WHAT YOU WILL DO => Filter the records down to the lines that hold the word "vervoersvoorzieningen", and copy each of those lines.

WORKING DATA =>
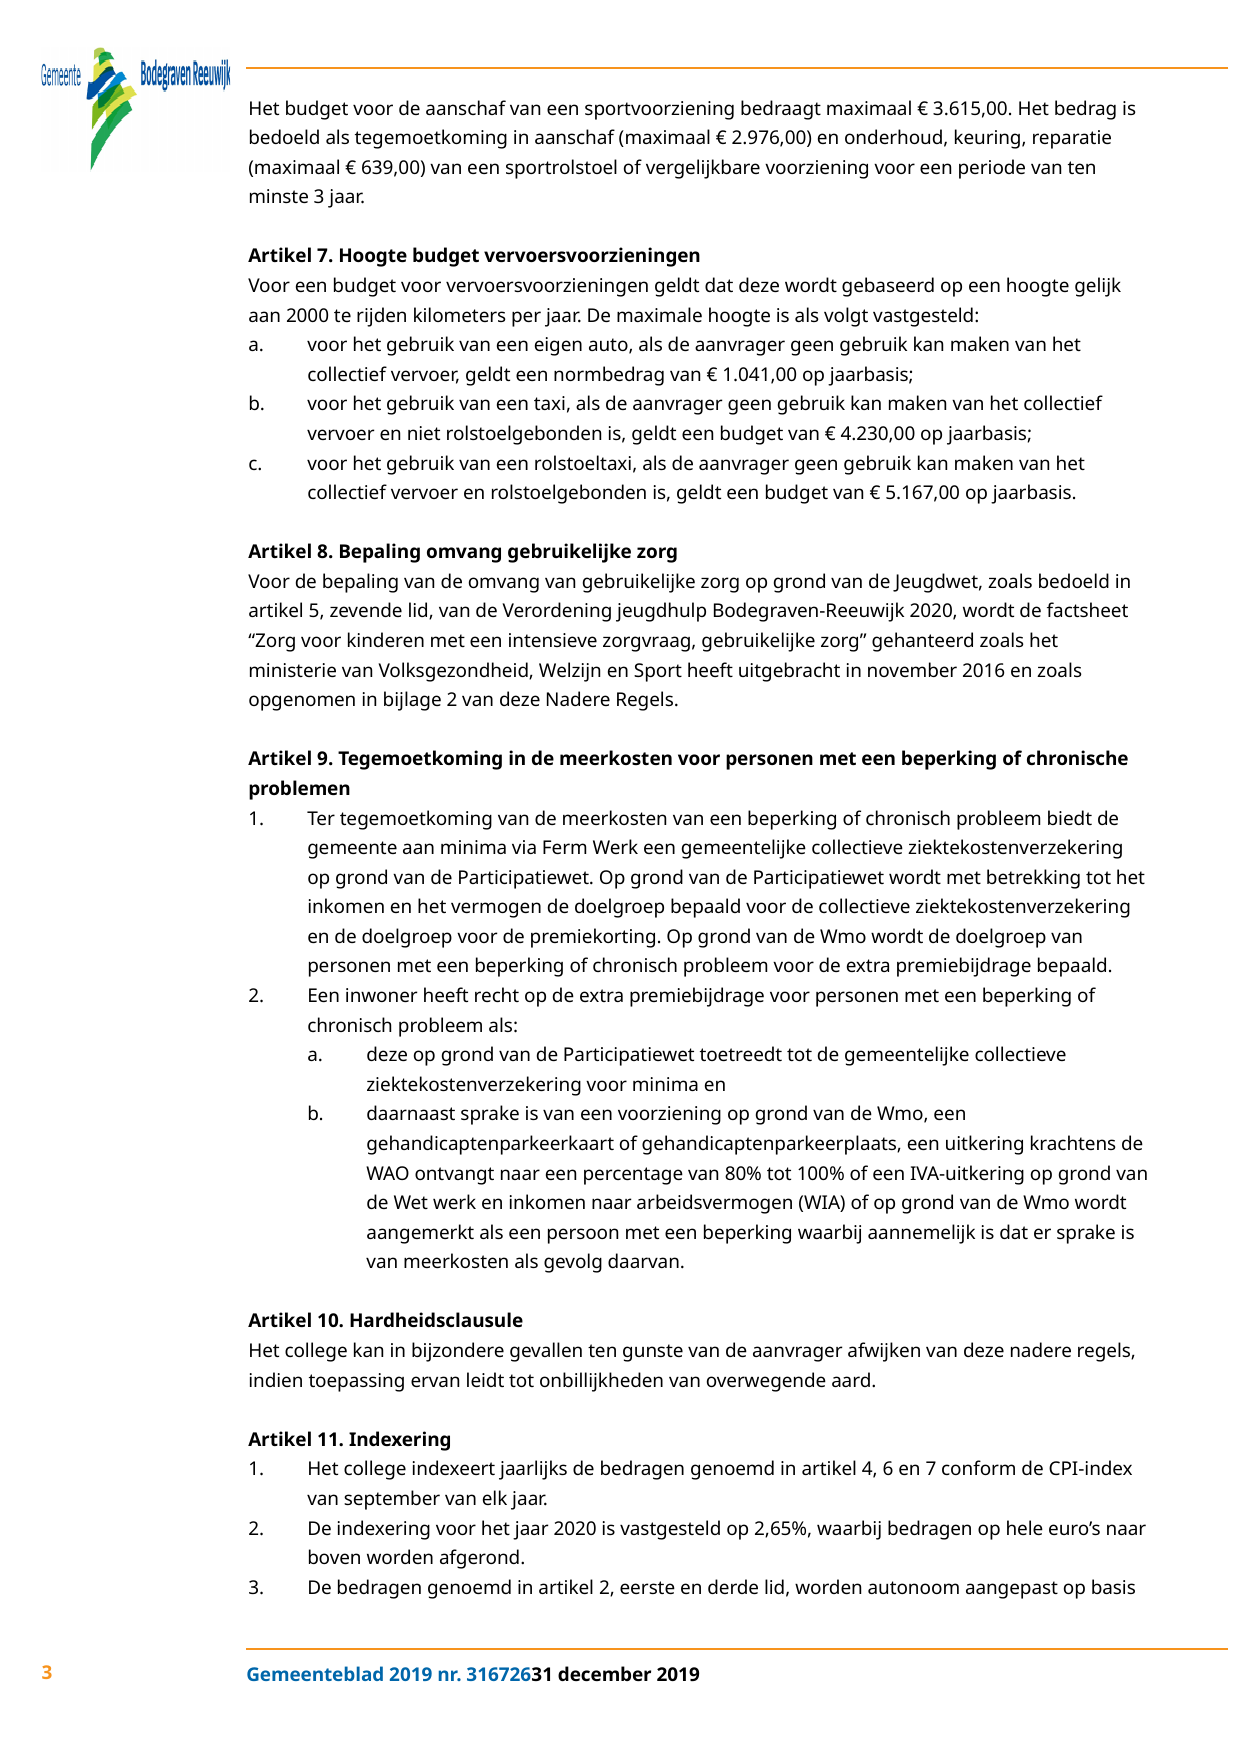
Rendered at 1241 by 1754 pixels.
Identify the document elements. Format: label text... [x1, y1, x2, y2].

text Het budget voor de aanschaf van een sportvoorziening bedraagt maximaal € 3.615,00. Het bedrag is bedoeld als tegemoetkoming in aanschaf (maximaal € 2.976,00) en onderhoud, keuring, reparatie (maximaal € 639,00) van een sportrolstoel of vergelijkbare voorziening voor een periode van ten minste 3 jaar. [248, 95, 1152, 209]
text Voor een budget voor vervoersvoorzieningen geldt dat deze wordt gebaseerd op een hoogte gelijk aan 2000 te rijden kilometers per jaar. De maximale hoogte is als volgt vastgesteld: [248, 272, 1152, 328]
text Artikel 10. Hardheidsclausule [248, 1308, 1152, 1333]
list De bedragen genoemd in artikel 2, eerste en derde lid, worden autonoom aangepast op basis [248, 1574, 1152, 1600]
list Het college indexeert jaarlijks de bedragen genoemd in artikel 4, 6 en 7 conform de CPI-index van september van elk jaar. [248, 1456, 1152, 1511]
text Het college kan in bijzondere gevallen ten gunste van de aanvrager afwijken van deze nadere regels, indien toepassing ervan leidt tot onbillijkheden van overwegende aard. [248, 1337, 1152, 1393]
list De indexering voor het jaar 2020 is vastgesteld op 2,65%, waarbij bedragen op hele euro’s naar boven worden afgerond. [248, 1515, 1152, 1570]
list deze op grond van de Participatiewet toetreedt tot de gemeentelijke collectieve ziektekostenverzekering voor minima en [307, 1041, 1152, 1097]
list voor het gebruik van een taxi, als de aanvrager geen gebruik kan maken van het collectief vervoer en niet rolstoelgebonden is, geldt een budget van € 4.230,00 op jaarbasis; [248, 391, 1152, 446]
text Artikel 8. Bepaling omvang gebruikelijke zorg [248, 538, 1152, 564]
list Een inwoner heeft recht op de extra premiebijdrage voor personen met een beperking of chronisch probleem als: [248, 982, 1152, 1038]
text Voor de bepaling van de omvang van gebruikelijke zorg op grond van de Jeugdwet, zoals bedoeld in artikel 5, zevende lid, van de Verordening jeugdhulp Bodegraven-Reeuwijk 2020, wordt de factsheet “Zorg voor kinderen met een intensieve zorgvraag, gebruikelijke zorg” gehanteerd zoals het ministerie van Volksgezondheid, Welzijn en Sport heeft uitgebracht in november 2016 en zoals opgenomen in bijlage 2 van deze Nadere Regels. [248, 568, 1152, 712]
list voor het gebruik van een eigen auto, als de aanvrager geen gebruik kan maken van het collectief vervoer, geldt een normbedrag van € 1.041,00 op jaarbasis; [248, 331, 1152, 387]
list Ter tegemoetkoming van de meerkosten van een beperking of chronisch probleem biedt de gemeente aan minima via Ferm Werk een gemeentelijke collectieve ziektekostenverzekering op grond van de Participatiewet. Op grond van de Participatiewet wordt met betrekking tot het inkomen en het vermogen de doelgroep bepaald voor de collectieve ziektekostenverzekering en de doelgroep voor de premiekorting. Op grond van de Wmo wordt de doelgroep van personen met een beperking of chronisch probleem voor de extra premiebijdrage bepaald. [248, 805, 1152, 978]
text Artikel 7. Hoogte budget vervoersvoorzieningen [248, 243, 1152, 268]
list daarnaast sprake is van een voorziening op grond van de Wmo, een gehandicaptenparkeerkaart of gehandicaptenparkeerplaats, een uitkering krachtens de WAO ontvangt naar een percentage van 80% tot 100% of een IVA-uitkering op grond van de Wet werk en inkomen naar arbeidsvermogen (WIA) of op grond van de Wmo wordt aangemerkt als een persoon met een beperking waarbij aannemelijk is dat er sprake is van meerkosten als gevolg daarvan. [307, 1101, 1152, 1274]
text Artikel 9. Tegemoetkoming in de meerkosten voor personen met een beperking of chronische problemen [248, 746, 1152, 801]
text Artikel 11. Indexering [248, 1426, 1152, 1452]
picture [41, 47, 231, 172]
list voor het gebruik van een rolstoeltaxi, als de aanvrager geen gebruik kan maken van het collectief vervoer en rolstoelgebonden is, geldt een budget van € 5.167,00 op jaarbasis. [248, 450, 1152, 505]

RESULT FOR THIS EXERCISE =>
text Voor een budget voor vervoersvoorzieningen geldt dat deze wordt gebaseerd op een hoogte gelijk aan 2000 te rijden kilometers per jaar. De maximale hoogte is als volgt vastgesteld: [248, 272, 1152, 328]
text Artikel 7. Hoogte budget vervoersvoorzieningen [248, 243, 1152, 268]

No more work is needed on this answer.